Дайте мне предложение, которое не может понять никакой интеллект. В нем должен быть своего рода жизнь и пульсация, и под его словами своего рода кровь должна циркулировать вечно. Удивительно, что этот звук дошел до нас издалека, когда голос человека слышен так недалеко, и мы сейчас не находимся в пределах слышимости ни одного современника. Дровосеки здесь срубили древний сосновый лес и открыли этим далеким холмам прекрасное озеро на юго-западе; и теперь в одно мгновение оно отчетливо показано этим лесам, как если бы его образ путешествовал сюда из вечности. Возможно, эти старые пни на холме помнят, когда в древности это озеро блестело на горизонте. Удивляешься, не испытала ли сама голая земля эмоцию при виде вновь столь прекрасного вида. Эта прекрасная вода лежит там на солнце, таким образом открытая, тем более гордая и прекрасная, что ее красота не нуждалась в том, чтобы ее видели. Она кажется все еще одинокой, достаточной для самой себя и выше наблюдения. — Так и эти старые предложения подобны безмятежным озерам на юго-западе, наконец открытым нам, которые так долго отражали наше собственное небо в своем лоне.
Великая равнина Индии лежит как в чаше между Гималаями и океаном на севере и юге, и Брахмапутрой и Индом на востоке и западе, где была принята первобытная раса. Мы не будем оспаривать эту историю.
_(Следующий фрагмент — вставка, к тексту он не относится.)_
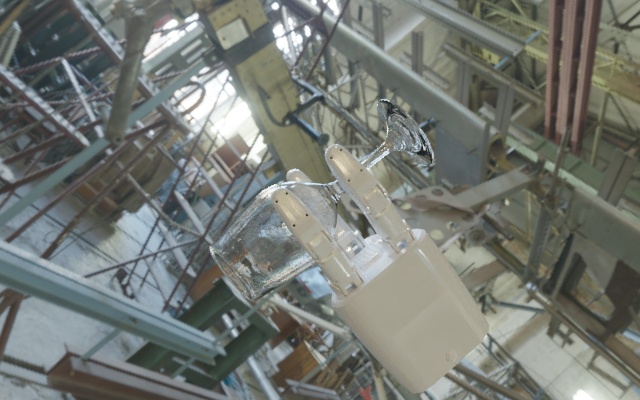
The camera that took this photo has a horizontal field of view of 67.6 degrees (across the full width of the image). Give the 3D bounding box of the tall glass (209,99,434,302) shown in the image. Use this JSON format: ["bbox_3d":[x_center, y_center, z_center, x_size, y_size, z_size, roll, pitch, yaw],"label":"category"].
[{"bbox_3d":[0.000,0.001,0.421,0.201,0.079,0.079,-39,5,-6],"label":"tall glass"}]
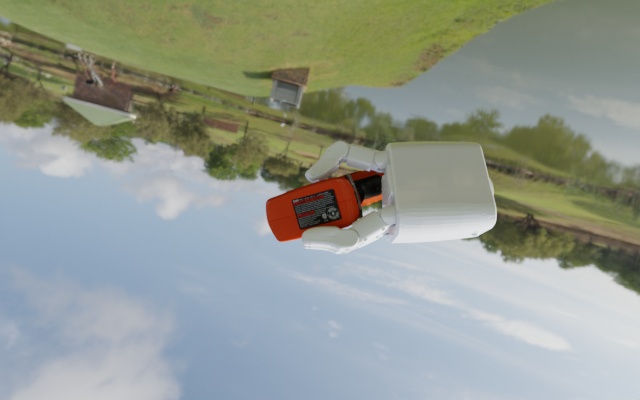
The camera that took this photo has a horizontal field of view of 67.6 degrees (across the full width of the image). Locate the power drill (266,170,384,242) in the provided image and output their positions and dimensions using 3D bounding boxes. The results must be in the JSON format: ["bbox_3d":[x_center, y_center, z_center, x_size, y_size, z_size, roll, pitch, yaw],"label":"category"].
[{"bbox_3d":[0.000,0.002,0.611,0.184,0.057,0.187,-18,4,18],"label":"power drill"}]
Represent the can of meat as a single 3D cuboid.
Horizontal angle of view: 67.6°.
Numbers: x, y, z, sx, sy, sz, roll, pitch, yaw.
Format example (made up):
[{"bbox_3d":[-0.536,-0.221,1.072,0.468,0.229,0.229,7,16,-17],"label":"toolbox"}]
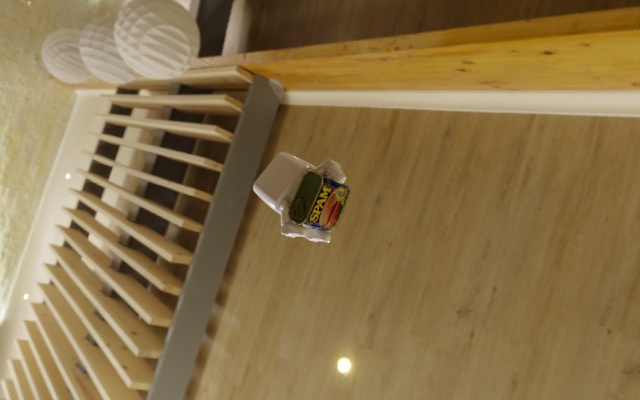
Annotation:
[{"bbox_3d":[0.000,0.003,0.900,0.084,0.102,0.057,19,8,-42],"label":"can of meat"}]
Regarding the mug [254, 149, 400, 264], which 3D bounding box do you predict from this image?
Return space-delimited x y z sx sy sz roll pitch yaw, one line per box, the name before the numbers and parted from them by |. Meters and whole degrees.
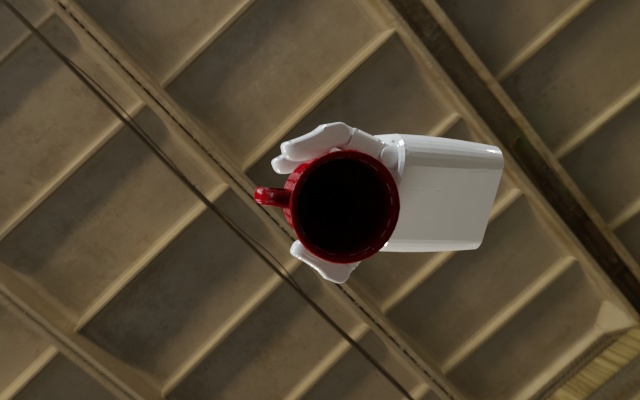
mug | -0.001 0.001 0.420 0.117 0.093 0.081 3 4 -14
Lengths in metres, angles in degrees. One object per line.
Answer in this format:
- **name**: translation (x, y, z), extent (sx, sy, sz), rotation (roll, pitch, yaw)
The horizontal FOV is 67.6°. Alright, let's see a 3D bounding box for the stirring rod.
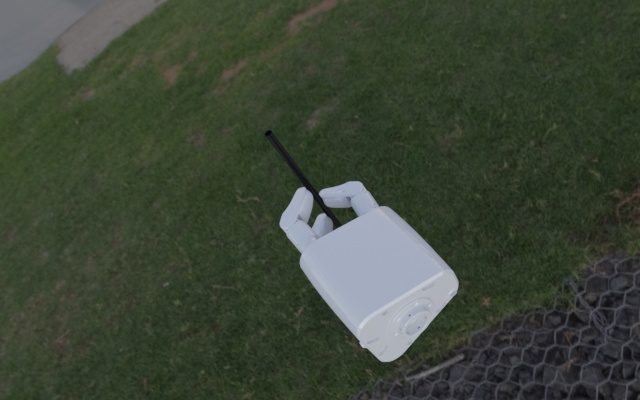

Нам приятно читать в естественной истории страны о «сосне, лиственнице, ели и серебристой пихте», которые покрывают южный склон Гималайского хребта; о «крыжовнике, малине, землянике», которые из неминуемой умеренной зоны смотрят на жаркие равнины. Так и эта активная современная жизнь имела даже тогда точку опоры и скрытое место посреди величественности и созерцательности тех восточных равнин. В другую эпоху «ландыш, первоцвет, одуванчик» должны были проложить свой путь вниз на равнину и цвести в своей собственной ровной зоне, достигающей вокруг земли. Уже наступила эра умеренной зоны, эра сосны и дуба, ибо пальма и баньян не удовлетворяют потребности этого века. Лишайники на вершинах скал, возможно, найдут свой уровень вскоре.
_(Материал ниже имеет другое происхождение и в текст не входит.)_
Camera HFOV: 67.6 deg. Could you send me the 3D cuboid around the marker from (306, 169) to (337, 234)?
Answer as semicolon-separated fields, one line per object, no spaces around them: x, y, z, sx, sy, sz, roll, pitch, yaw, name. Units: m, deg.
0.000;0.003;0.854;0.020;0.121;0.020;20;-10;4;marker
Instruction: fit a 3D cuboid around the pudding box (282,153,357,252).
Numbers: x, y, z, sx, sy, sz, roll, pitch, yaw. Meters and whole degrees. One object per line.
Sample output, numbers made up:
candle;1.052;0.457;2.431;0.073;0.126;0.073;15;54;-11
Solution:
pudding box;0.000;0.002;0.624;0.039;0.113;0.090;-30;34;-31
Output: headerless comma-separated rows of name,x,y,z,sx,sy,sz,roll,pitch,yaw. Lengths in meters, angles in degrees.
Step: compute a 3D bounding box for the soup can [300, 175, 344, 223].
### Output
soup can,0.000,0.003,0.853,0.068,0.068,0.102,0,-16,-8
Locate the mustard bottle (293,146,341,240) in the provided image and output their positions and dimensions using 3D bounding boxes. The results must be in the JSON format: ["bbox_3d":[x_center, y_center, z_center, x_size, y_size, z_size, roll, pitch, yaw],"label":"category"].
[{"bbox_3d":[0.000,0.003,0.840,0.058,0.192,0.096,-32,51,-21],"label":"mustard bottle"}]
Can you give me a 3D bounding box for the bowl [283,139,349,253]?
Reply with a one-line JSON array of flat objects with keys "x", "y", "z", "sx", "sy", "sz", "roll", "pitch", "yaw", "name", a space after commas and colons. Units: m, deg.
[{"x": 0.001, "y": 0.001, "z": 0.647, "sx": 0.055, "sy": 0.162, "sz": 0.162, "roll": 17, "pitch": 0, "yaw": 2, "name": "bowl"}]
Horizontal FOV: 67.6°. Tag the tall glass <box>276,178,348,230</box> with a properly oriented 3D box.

Что касается догматов брахманов, нас не столько заботит знать, какие доктрины они придерживались, сколько то, что они придерживались какими-либо. Мы можем терпеть все философии, атомистов, пневматологов, атеистов, теистов, — Платона, Аристотеля, Левкиппа, Демокрита, Пифагора, Зороастра и Конфуция. Именно отношение этих людей, больше, чем любое сообщение, которое они делают, привлекает нас. Между ними и их комментаторами, правда, есть бесконечный спор. Но если доходит до того, что вы сравниваете заметки, тогда вы все неправы. Как есть, каждый возносит нас в безмятежные небеса, куда самый маленький пузырек поднимается так же верно, как самый большой, и рисует землю и небо для нас. Любая искренняя мысль неотразима. Сама суровость брахманов заманчива для преданной души, как более утонченная и благородная роскошь. Потребности, столь легко и изящно удовлетворенные, кажутся более утонченным удовольствием. Их концепция творения мирна, как сон. «Когда эта сила пробуждается, тогда этот мир имеет свое полное расширение; но когда он дремлет с безмятежным духом, тогда вся система исчезает». В самой неясности их теогонии подразумевается возвышенная истина. Она едва ли позволяет читателю остановиться на какой-либо высшей первопричине, но прямо намекает на еще более высшую, которая создала последнюю, и Творец все еще позади несотворенный.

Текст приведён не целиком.